*** Block opens ***

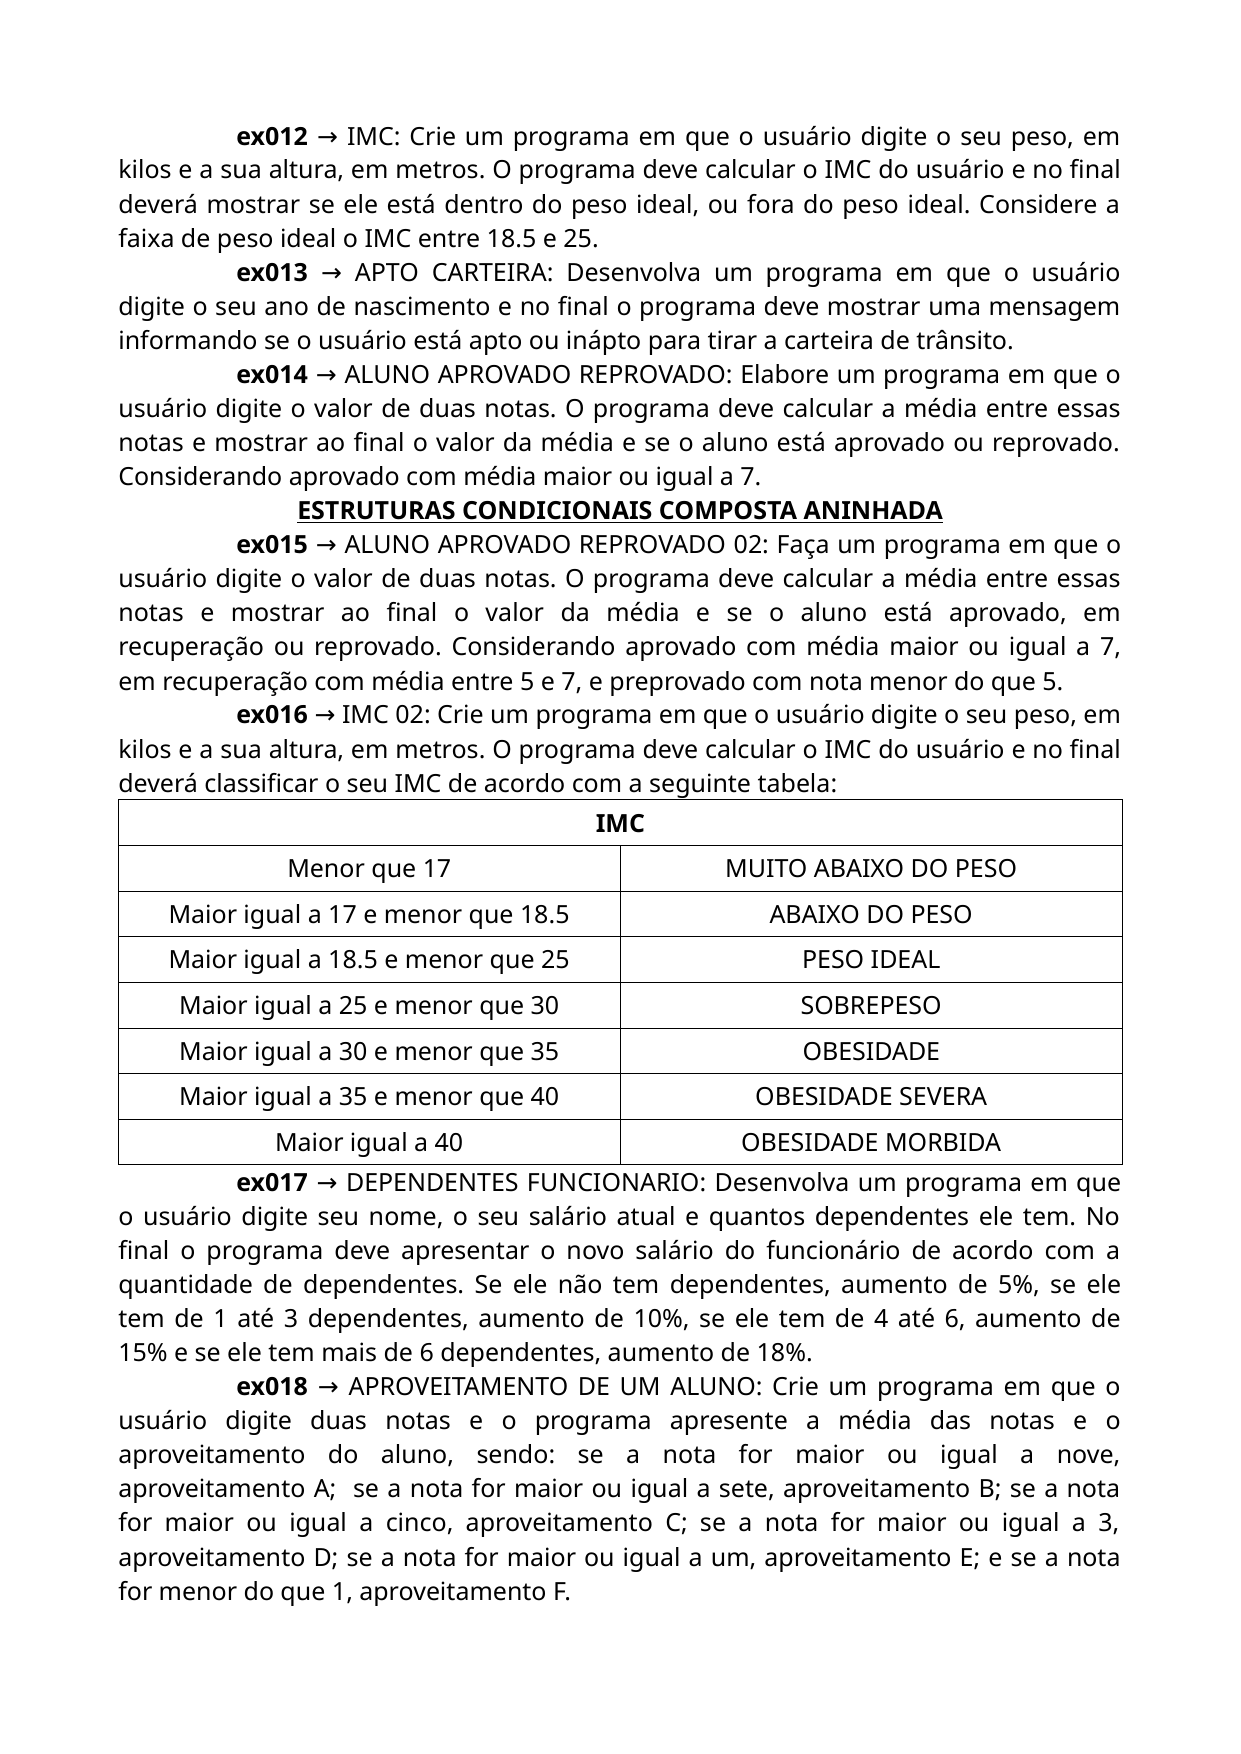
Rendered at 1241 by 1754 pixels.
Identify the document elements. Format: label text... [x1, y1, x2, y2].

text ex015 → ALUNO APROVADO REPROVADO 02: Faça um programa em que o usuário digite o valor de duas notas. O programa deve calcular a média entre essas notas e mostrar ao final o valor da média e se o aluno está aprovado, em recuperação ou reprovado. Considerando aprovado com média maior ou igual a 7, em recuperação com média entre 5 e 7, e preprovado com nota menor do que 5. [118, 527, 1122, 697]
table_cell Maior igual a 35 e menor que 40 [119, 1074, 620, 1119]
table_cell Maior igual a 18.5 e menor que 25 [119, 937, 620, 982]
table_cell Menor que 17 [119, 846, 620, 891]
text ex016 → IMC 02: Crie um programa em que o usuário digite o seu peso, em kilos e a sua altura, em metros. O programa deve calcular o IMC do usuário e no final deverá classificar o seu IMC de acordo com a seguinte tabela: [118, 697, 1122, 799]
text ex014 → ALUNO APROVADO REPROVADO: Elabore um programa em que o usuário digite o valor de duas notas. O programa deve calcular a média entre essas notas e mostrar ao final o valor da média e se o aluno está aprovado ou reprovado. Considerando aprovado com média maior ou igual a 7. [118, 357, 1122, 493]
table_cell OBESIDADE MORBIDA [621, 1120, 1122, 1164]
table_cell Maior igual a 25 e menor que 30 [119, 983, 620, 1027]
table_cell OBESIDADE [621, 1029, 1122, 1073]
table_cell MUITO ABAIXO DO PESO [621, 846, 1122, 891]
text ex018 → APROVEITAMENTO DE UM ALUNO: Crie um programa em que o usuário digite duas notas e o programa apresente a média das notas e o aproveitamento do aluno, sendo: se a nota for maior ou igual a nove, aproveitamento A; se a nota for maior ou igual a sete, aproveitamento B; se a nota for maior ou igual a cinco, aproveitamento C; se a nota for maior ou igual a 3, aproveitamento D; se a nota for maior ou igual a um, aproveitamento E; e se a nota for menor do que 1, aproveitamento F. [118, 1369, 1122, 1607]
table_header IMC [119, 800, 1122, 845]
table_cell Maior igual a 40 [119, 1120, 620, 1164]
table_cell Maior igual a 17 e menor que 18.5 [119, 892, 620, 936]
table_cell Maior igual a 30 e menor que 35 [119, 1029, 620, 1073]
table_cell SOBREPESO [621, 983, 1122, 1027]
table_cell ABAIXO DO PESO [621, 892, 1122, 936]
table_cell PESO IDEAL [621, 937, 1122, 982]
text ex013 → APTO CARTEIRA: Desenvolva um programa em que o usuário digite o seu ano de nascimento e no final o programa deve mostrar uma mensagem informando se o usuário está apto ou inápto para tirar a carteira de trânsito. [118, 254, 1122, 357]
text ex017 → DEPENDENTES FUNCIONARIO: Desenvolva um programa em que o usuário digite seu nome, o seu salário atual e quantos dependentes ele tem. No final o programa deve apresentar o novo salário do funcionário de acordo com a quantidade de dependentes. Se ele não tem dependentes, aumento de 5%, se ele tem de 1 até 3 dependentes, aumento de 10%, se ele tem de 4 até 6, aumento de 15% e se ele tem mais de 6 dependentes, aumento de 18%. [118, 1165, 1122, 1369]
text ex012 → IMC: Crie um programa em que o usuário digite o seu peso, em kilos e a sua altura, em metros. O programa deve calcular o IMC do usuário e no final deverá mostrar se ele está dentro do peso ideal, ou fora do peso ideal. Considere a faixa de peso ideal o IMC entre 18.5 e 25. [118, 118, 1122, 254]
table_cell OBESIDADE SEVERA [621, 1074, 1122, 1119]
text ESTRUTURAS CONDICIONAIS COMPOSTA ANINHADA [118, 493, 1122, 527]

*** Block closes ***
*** Block opens ***

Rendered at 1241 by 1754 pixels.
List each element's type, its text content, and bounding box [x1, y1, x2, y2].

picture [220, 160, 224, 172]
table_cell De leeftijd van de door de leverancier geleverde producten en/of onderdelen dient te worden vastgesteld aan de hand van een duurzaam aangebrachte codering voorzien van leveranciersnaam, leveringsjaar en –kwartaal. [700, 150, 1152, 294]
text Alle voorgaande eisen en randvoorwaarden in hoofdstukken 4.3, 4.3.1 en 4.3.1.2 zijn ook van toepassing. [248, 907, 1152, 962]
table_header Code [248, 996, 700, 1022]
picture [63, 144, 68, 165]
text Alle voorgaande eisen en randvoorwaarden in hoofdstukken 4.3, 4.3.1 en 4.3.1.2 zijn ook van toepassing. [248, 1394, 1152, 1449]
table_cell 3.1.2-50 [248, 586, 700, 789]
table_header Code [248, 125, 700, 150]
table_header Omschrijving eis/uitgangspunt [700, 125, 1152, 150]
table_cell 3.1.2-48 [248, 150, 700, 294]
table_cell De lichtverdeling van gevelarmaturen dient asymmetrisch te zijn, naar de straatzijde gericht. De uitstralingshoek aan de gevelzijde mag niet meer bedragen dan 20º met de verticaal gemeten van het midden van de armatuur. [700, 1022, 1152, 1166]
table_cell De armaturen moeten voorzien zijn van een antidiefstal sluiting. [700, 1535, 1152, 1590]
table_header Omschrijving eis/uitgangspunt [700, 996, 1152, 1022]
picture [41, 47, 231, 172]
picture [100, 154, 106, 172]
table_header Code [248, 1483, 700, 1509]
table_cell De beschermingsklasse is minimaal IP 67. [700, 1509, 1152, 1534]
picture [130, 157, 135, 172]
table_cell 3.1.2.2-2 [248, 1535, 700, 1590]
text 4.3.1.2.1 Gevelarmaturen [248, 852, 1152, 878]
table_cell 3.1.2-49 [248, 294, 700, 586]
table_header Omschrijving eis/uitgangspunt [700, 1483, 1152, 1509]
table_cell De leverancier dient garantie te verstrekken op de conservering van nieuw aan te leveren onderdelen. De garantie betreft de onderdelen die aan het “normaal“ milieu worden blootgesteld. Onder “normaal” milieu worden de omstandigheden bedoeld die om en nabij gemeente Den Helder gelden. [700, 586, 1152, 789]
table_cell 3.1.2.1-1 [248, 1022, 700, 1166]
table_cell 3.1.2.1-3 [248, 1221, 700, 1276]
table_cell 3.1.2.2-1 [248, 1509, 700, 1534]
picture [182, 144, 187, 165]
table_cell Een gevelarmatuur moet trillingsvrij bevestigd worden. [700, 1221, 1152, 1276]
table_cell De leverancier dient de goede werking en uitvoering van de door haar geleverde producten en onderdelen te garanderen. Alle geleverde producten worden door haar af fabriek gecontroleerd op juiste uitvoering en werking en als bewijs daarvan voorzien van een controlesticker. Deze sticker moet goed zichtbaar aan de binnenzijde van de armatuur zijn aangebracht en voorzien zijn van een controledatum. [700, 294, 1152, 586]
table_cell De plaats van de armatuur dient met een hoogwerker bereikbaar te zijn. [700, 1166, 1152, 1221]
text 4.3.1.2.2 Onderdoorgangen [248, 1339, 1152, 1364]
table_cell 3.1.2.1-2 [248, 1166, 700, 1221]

*** Block closes ***

Using the listing above, return word for word each line from the one that has "table_cell ABAIXO DO" through the one that has "text ex013 →", and no line outside that range.

* [Written solution]
table_cell ABAIXO DO PESO [621, 892, 1122, 936]
table_cell PESO IDEAL [621, 937, 1122, 982]
text ex013 → APTO CARTEIRA: Desenvolva um programa em que o usuário digite o seu ano de nascimento e no final o programa deve mostrar uma mensagem informando se o usuário está apto ou inápto para tirar a carteira de trânsito. [118, 254, 1122, 357]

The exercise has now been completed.